Полевая плита стояла на массивной коряге. Рядом, под тентом, стол встал, сборный, на тонких ножках и совершенно ненадежный с виду. На столе виднелись какие-то миски, тарелки и даже пара кастрюль. Отвратительно…

— Присоединяйтесь, Ольга Ивановна, — сказал некромант, указывая на второй стол, точнее, древнюю столешницу, которую поставили на древние же валуны. Стол получился грязноватым и низким, но кажется, никого-то, кроме Оленьки, это не смущало.

Некромант устроился на земле, а тот, второй, к которому Оленьке было велено приглядеться на предмет его ценности для клана, уселся на крохотный складной стульчик.
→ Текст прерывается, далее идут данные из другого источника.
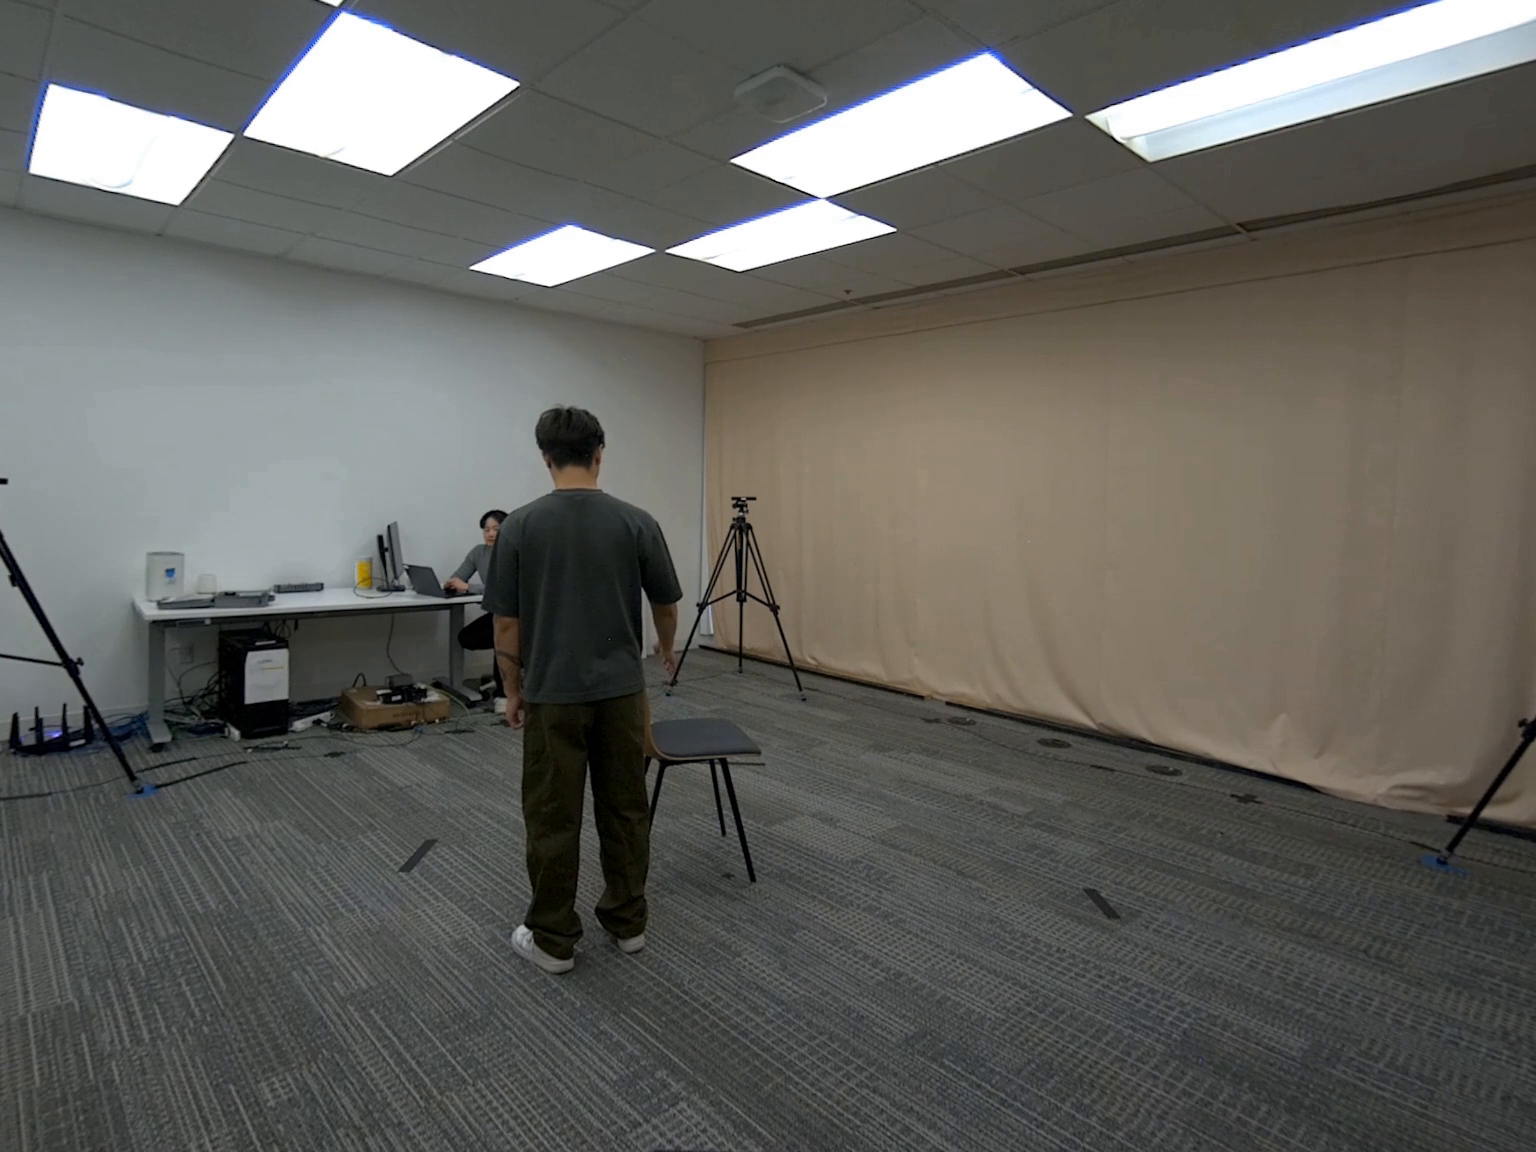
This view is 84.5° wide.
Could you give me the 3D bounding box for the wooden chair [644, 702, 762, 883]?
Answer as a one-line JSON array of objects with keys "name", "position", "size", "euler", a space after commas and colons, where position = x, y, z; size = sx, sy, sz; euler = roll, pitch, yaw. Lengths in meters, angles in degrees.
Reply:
[{"name": "wooden chair", "position": [-0.313, 0.668, 3.187], "size": [0.517, 0.875, 0.485], "euler": [-4, 4, -16]}]

Впрочем, завидев Оленьку, он тотчас вскочил, едва не опрокинув тарелку с остатками все тех же блинов.

— Доброе утро, — сказал он. — Прошу вас, присаживайтесь.

Отказываться Оленька не стала.

Не стоять же ей! И не на земле сидеть. Тем более что сегодня Николай Егорович определенно не был настроен делиться одеялом или на чем он там устроился.

Перед Оленькой тотчас появилась тарелка.

Железная!

И железная кружка, содержимое которой пахло травами… кривая вилка, ложка… боги, они всерьез думают, что она будет есть… вот так? Как будто… да что это за…

Оленька почувствовала, что сейчас устроит очередной скандал.

Знатный скандал.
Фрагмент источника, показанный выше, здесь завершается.